> [INSTRUCTIONS TO FOLLOW]: The listing below must be repeated word for word, without its pictures.
*** RECORDS SHOWN Section Begins ***
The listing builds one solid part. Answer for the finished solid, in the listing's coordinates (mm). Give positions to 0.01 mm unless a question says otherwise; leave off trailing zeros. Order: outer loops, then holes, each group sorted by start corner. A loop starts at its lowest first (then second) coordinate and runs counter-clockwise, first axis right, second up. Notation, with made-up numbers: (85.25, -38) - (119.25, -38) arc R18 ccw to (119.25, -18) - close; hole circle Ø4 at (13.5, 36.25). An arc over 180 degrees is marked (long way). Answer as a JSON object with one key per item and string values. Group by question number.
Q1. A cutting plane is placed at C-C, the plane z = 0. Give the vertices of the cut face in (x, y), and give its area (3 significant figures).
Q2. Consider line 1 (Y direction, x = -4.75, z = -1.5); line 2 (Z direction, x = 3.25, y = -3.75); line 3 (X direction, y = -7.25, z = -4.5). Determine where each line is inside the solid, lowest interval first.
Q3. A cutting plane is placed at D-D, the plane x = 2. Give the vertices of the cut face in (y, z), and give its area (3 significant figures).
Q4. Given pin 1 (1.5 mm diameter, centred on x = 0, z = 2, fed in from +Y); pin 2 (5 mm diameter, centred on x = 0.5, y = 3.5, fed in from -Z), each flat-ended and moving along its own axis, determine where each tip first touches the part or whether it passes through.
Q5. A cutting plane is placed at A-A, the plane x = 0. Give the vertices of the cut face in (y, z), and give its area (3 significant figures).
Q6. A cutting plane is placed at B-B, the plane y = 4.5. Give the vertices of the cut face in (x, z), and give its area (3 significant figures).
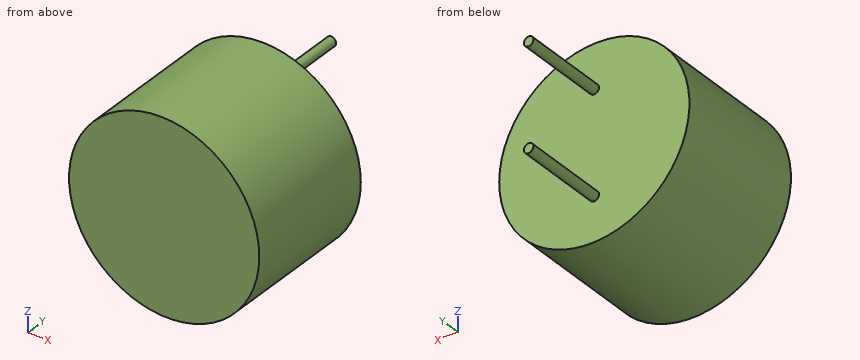
from build123d import *

# Parameters (mm, degrees)
F0_R     = 6
F1_DEPTH = 8.5
F2_R     = 0.3
F3_DEPTH = 5.5


with BuildPart() as f1:
    # F0 (on Front) → F1 (new body)
    with BuildSketch(Plane.XZ):
        Circle(F0_R)
    extrude(amount=F1_DEPTH)

    # F2 (on face) → F3 (join)
    with BuildSketch(Plane(origin=(0, 0, 0), x_dir=(-1, 0, 0), z_dir=(0, 1, 0))):
        with Locations((0, 3.22822)):
            Circle(F2_R)
        with Locations((0, -3.22822)):
            Circle(F2_R)
    extrude(amount=F3_DEPTH)


solid = f1.part
Reply:
{
 "1": {"outline": "(-6, -8.5) - (6, -8.5) - (6, 0) - (-6, 0) - close", "area": "102 mm^2"},
 "2": {"line 1": "y = -8.5 to 0", "line 2": "z = -5.04 to 5.04", "line 3": "x = -3.97 to 3.97"},
 "3": {"outline": "(-8.5, -5.66) - (0, -5.66) - (0, 5.66) - (-8.5, 5.66) - close", "area": "96.2 mm^2"},
 "4": {"pin 1": "stops at y = 0", "pin 2": "stops at z = -3.53"},
 "5": {"outline": "(-8.5, -6) - (0, -6) - (0, -3.53) - (5.5, -3.53) - (5.5, -2.93) - (0, -2.93) - (0, 2.93) - (5.5, 2.93) - (5.5, 3.53) - (0, 3.53) - (0, 6) - (-8.5, 6) - close", "area": "109 mm^2"},
 "6": {"outline": "circle Ø0.6 at (0, -3.23); circle Ø0.6 at (0, 3.23)", "area": "0.565 mm^2"}
}
*** RECORDS SHOWN Section Ends ***
> [REPLY TO THE EXERCISE]:
The listing builds one solid part. Answer for the finished solid, in the listing's coordinates (mm). Give positions to 0.01 mm unless a question says otherwise; leave off trailing zeros. Order: outer loops, then holes, each group sorted by start corner. A loop starts at its lowest first (then second) coordinate and runs counter-clockwise, first axis right, second up. Notation, with made-up numbers: (85.25, -38) - (119.25, -38) arc R18 ccw to (119.25, -18) - close; hole circle Ø4 at (13.5, 36.25). An arc over 180 degrees is marked (long way). Answer as a JSON object with one key per item and string values. Group by question number.
Q1. A cutting plane is placed at C-C, the plane z = 0. Give the vertices of the cut face in (x, y), and give its area (3 significant figures).
Q2. Consider line 1 (Y direction, x = -4.75, z = -1.5); line 2 (Z direction, x = 3.25, y = -3.75); line 3 (X direction, y = -7.25, z = -4.5). Determine where each line is inside the solid, lowest interval first.
Q3. A cutting plane is placed at D-D, the plane x = 2. Give the vertices of the cut face in (y, z), and give its area (3 significant figures).
Q4. Given pin 1 (1.5 mm diameter, centred on x = 0, z = 2, fed in from +Y); pin 2 (5 mm diameter, centred on x = 0.5, y = 3.5, fed in from -Z), each flat-ended and moving along its own axis, determine where each tip first touches the part or whether it passes through.
Q5. A cutting plane is placed at A-A, the plane x = 0. Give the vertices of the cut face in (y, z), and give its area (3 significant figures).
Q6. A cutting plane is placed at B-B, the plane y = 4.5. Give the vertices of the cut face in (x, z), and give its area (3 significant figures).
from build123d import *

# Parameters (mm, degrees)
F0_R     = 6
F1_DEPTH = 8.5
F2_R     = 0.3
F3_DEPTH = 5.5


with BuildPart() as f1:
    # F0 (on Front) → F1 (new body)
    with BuildSketch(Plane.XZ):
        Circle(F0_R)
    extrude(amount=F1_DEPTH)

    # F2 (on face) → F3 (join)
    with BuildSketch(Plane(origin=(0, 0, 0), x_dir=(-1, 0, 0), z_dir=(0, 1, 0))):
        with Locations((0, 3.22822)):
            Circle(F2_R)
        with Locations((0, -3.22822)):
            Circle(F2_R)
    extrude(amount=F3_DEPTH)


solid = f1.part
Reply:
{
 "1": {"outline": "(-6, -8.5) - (6, -8.5) - (6, 0) - (-6, 0) - close", "area": "102 mm^2"},
 "2": {"line 1": "y = -8.5 to 0", "line 2": "z = -5.04 to 5.04", "line 3": "x = -3.97 to 3.97"},
 "3": {"outline": "(-8.5, -5.66) - (0, -5.66) - (0, 5.66) - (-8.5, 5.66) - close", "area": "96.2 mm^2"},
 "4": {"pin 1": "stops at y = 0", "pin 2": "stops at z = -3.53"},
 "5": {"outline": "(-8.5, -6) - (0, -6) - (0, -3.53) - (5.5, -3.53) - (5.5, -2.93) - (0, -2.93) - (0, 2.93) - (5.5, 2.93) - (5.5, 3.53) - (0, 3.53) - (0, 6) - (-8.5, 6) - close", "area": "109 mm^2"},
 "6": {"outline": "circle Ø0.6 at (0, -3.23); circle Ø0.6 at (0, 3.23)", "area": "0.565 mm^2"}
}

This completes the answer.